George H. W. Bush, the 41st President of the United States, passed away at 10:10 p.m. on November 30. President Bush took his last breath surrounded by his friends and family, including his son Neil Bush, James Baker, the former Secretary of State and a lifelong friend of the President, Jean Becker, his former Chief of Staff, and the Rev. Dr. Russell Jones Jr., rector of St. Martin’s Episcopal Church in Houston, according to the New York Times.
George Herbert Walker Bush was born in Milton, Mass. on June 12, 1924. He was an outstanding student and known as a leader at Phillips Academy in Andover. On his 18th birthday and just seven months after the attack on Pearl Harbor, Bush enlisted in the armed forces. He was one of the youngest naval pilots in World War II and flew over 58 combat missions. After flying as a torpedo bomber pilot in 1944, Bush was shot down over Chichi Jima, a Japanese island. He received the Distinguished Flying Cross for bravery in action.

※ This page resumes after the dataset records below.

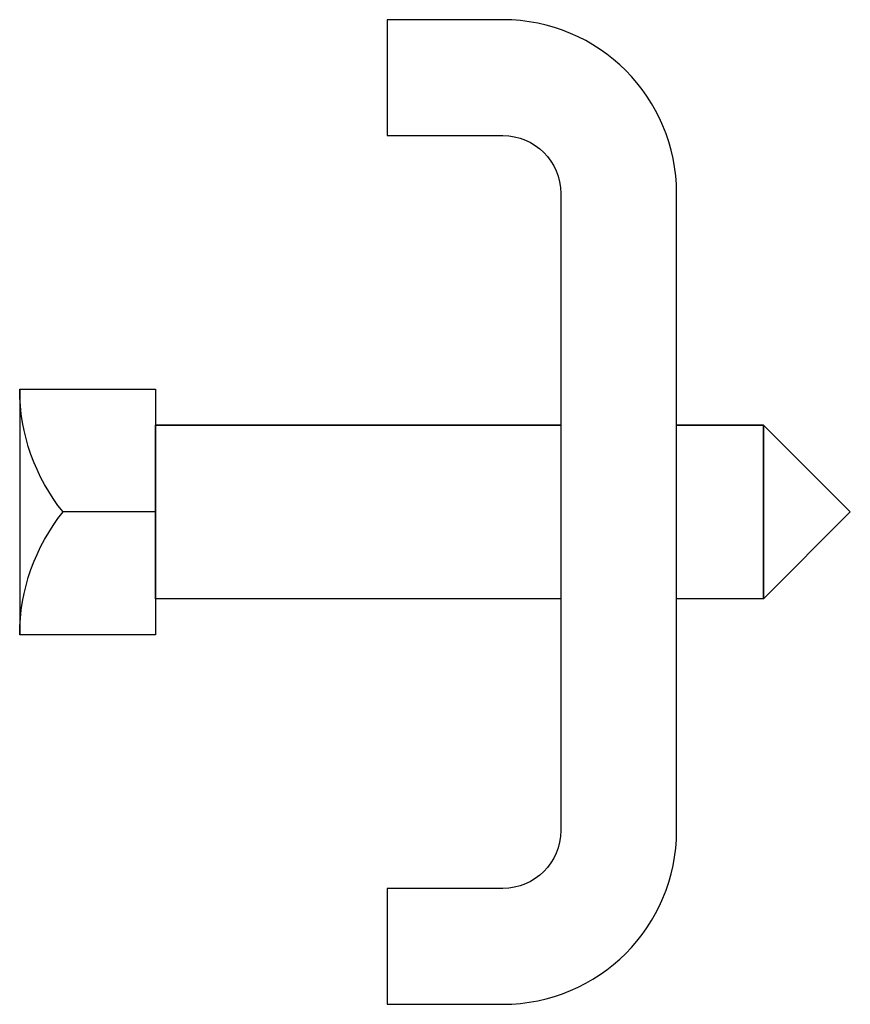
# Model space of a CAD drawing. Extents: x 11 to 205, y 109 to 170.
import ezdxf

# ---------------------------------------------------------------- set-up
doc = ezdxf.new("R2010")
doc.units = 0
doc.header["$MEASUREMENT"] = 0
doc.layers.get('0').update_dxf_attribs({"linetype": 'CONTINUOUS'})

msp = doc.modelspace()

# ---------------------------------------------------------------- linework, layer by layer
at = {"color": 7}
for p, q in [((154.256, 147.245), (154.256, 132.155)), ((187.511, 145.038), (162.598, 145.038)), ((199.967, 145.038), (194.629, 145.038)), ((162.598, 139.7), (156.925, 139.7)), ((187.511, 134.361), (162.598, 134.361)), ((199.967, 134.361), (194.629, 134.361))]:
    msp.add_line(p, q, dxfattribs=at)
for points in [[(187.511, 134.361), (162.598, 134.361), (162.598, 145.038), (187.511, 145.038)], [(199.967, 134.361), (194.629, 134.361), (194.629, 145.038), (199.967, 145.038)], [(199.967, 134.361), (199.967, 145.038), (205.306, 139.7)]]:
    msp.add_lwpolyline(points, close=True, dxfattribs=at)
for points, knots in [([(183.952, 169.951), (189.849, 169.951), (194.629, 165.171), (194.629, 159.274), (194.629, 159.274), (194.629, 120.126), (194.629, 120.126), (194.629, 114.229), (189.849, 109.449), (183.952, 109.449), (183.952, 109.449), (176.834, 109.449), (176.834, 109.449), (176.834, 109.449), (176.834, 116.567), (176.834, 116.567), (176.834, 116.567), (183.952, 116.567), (183.952, 116.567), (185.917, 116.567), (187.511, 118.16), (187.511, 120.126), (187.511, 120.126), (187.511, 159.274), (187.511, 159.274), (187.511, 161.24), (185.917, 162.833), (183.952, 162.833), (183.952, 162.833), (176.834, 162.833), (176.834, 162.833), (176.834, 162.833), (176.834, 169.951), (176.834, 169.951), (176.834, 169.951), (183.952, 169.951), (183.952, 169.951)], [0, 0, 0, 0, 1, 1, 1, 2, 2, 2, 3, 3, 3, 4, 4, 4, 5, 5, 5, 6, 6, 6, 7, 7, 7, 8, 8, 8, 9, 9, 9, 10, 10, 10, 11, 11, 11, 12, 12, 12, 12]), ([(154.256, 132.155), (154.256, 132.155), (162.598, 132.155), (162.598, 132.155), (162.598, 132.155), (162.598, 147.245), (162.598, 147.245), (162.598, 147.245), (154.256, 147.245), (154.256, 147.245), (154.256, 144.499), (155.198, 141.835), (156.925, 139.7), (155.198, 137.565), (154.256, 134.901), (154.256, 132.155)], [0, 0, 0, 0, 1, 1, 1, 2, 2, 2, 3, 3, 3, 4, 4, 4, 5, 5, 5, 5])]:
    msp.add_open_spline(points, degree=3, knots=knots, dxfattribs=at)

doc.saveas('drawing.dxf')
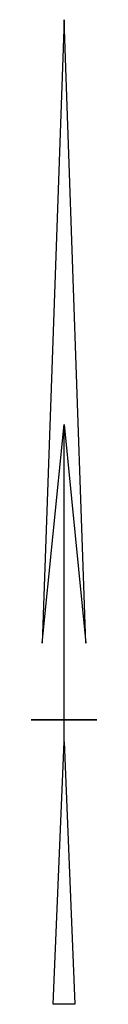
# Model space of a CAD drawing. Extents: x 237360 to 238772, y 446460 to 447476.
# Tile 2 of 14: x 237774 to 237785, y 447120 to 447282. Entities that reach past the tile are written whole.
import ezdxf

# ---------------------------------------------------------------- set-up
doc = ezdxf.new("R2010")
doc.units = 0
doc.header["$MEASUREMENT"] = 0
doc.layers.get('0').update_dxf_attribs({"linetype": 'CONTINUOUS'})

msp = doc.modelspace()

# ---------------------------------------------------------------- linework, layer by layer
for p, q in [((237779.35, 447281.59), (237775.75, 447178.99)), ((237782.95, 447178.99), (237779.35, 447281.59)), ((237775.75, 447178.99), (237779.35, 447214.99)), ((237779.35, 447166.39), (237779.35, 447214.99)), ((237779.35, 447214.99), (237782.95, 447178.99)), ((237779.35, 447166.39), (237773.95, 447166.39)), ((237773.95, 447166.39), (237784.75, 447166.39)), ((237779.35, 447162.79), (237779.35, 447166.39)), ((237784.75, 447166.39), (237779.35, 447166.39)), ((237777.55, 447119.59), (237779.35, 447162.79)), ((237779.35, 447162.79), (237781.15, 447119.59)), ((237781.15, 447119.59), (237777.55, 447119.59))]:
    msp.add_line(p, q)

doc.saveas('drawing.dxf')
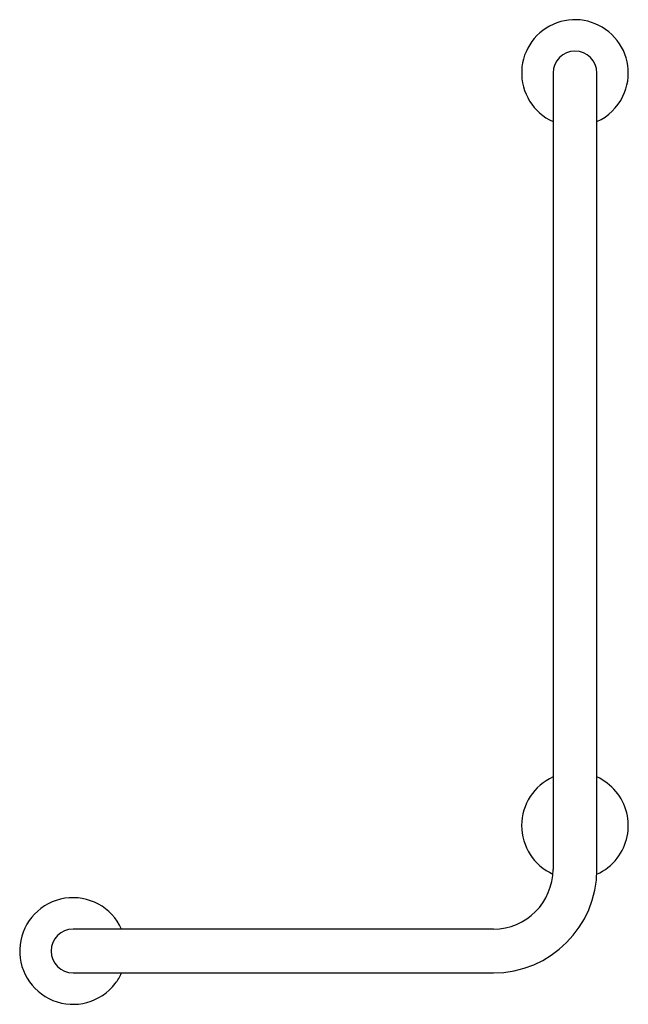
# Model space of a CAD drawing. Header units: millimetres. Extents: x 3302.465 to 3302.95, y 2072.558 to 2073.343.
import ezdxf

# ---------------------------------------------------------------- set-up
doc = ezdxf.new("R2010")
doc.units = ezdxf.units.MM
doc.layers.add('SANINDUSA', color=3, linetype='Continuous')

msp = doc.modelspace()

# ---------------------------------------------------------------- linework, layer by layer
at = {"layer": 'SANINDUSA'}
for p, q in [((3302.88983, 2073.30024), (3302.88983, 2073.23524)), ((3302.92483, 2073.23524), (3302.92483, 2073.30024)), ((3302.88983, 2073.23524), (3302.88983, 2072.66524)), ((3302.92483, 2072.66524), (3302.92483, 2073.23524)), ((3302.57233, 2072.61774), (3302.50733, 2072.61774)), ((3302.84233, 2072.61774), (3302.57233, 2072.61774)), ((3302.50733, 2072.58274), (3302.57233, 2072.58274)), ((3302.57233, 2072.58274), (3302.84233, 2072.58274))]:
    msp.add_line(p, q, dxfattribs=at)
for centre, radius, start, end in [((3302.90733, 2073.30024), 0.0425, 334.10104, 245.68426), ((3302.90733, 2073.30024), 0.0175, 0, 180), ((3302.90733, 2073.30024), 0.0425, 294.31574, 334.10104), ((3302.90733, 2072.70024), 0.0425, 114.31574, 245.47454), ((3302.90733, 2072.70024), 0.0425, 322.27855, 65.68426), ((3302.90733, 2072.70024), 0.0425, 294.1884, 322.27855), ((3302.84233, 2072.66524), 0.0475, 270, 0), ((3302.84233, 2072.66524), 0.0825, 270, 0), ((3302.50733, 2072.60024), 0.0425, 24.31574, 322.40164), ((3302.50733, 2072.60024), 0.0175, 90, 270), ((3302.50733, 2072.60024), 0.0425, 322.40164, 335.68426)]:
    msp.add_arc(centre, radius, start, end, dxfattribs=at)

doc.saveas('drawing.dxf')

After leaving the military in 1945, he married the love of his life, Barbara Pierce. They had six children together — George, Robin, who died as a child, Jeb, Neil, Marvin, and Dorothy. Like his father, Bush had an interest in public service. He served two terms as a representative from the Texas 7th district. Bush quickly rose to several prominent positions during important moments in the Cold War including Ambassador to the United Nations, Chief Liaison to the People’s Republic of China, and Director of the CIA. The name George Herbert Walker Bush entered the mainstream of American politics and remained for almost 40 years, with his run for President in 1980 bringing him into the forefront of the political arena. Although Bush lost the nomination to Reagan, he was selected to be Reagan’s running mate. After eight years as Vice President, Bush soundly defeated his Democratic opponent, Michael Dukakis, in the 1988 presidential election.
President Bush is more well-known for his international achievements, specifically the Gulf War. After Iraq invaded Kuwait in 1980, Bush used his diplomatic skills to gather a coalition of Arab and non-Arab countries to fight. On Feb. 24, 1991, the United States and the coalition stormed Kuwait; 100 hours later the war was over, with a decisive American victory. Many argue about whether President Bush should have pushed for an invasion of Baghdad to get rid of Saddam Hussein, however, “it would have taken us way beyond the imprimatur of international law,” Bush said. “Assigning young soldiers to a fruitless hunt for a securely entrenched dictator and condemning them to fight in what would be an unwinnable urban guerrilla war.” His son George W. Bush would instead start this war years later.
In addition to the Gulf War, President Bush oversaw the fall of the Soviet Union and the end of the Cold War. Bush was never clearer about his statesmanship than after the fall of the Berlin Wall in 1989. After being pushed by his advisors to go to Berlin and celebrate the end of communism, Bush responded emphatically that he would not do so. Politically it could have been a huge boost for Bush’s popularity if the world saw an American president in Berlin on top of the fallen wall. However, Bush understood the precarious state of the Soviet Union and worried that a visit to Berlin would anger Mikhail Gorbachev, which would in turn, backtrack the progress both countries had made. That moment showed what kind of leader Bush was: One who displayed true leadership by putting national interest before personal interest.
Bush had many highs as President, however, he had his share of lows. Many HIV/AIDS activists in the early 1990s thought that Bush’s “kinder, gentler” America left them out. Dr. Mervyn Silverman, the former president of the American Foundation for AIDS Research, told NPR in 1991 that Bush had only given one speech about AIDS. A disease, he commented, that “[had] taken the lives of over 120,000 people and caused disease in close to 200,000. Although many AIDS activists thought that Bush was indifferent to the AIDS epidemic, NPR reported that Bush did sign two pieces of legislation that helped people with AIDS — “the Americans with Disabilities Act, which protected people with HIV and AIDS from discrimination, and the Ryan White Comprehensive AIDS Resources Emergency Act, which provided funding for AIDS treatment.”
Bush’s personality did not wane in his last days. His longtime friend and former Secretary of State James Baker came to check up on him the day of his death. Despite knowing that his hours were numbered, President Bush still maintained his wit.
When Secretary Baker walked into the room, Bush’s face immediately lit up and he asked, “Where are we going Bake?” as if the President was ready to share more moments with his dear friend after over fifty years of friendship. Baker answered, “We are going to heaven.” The President responded, “That’s where I want to go.”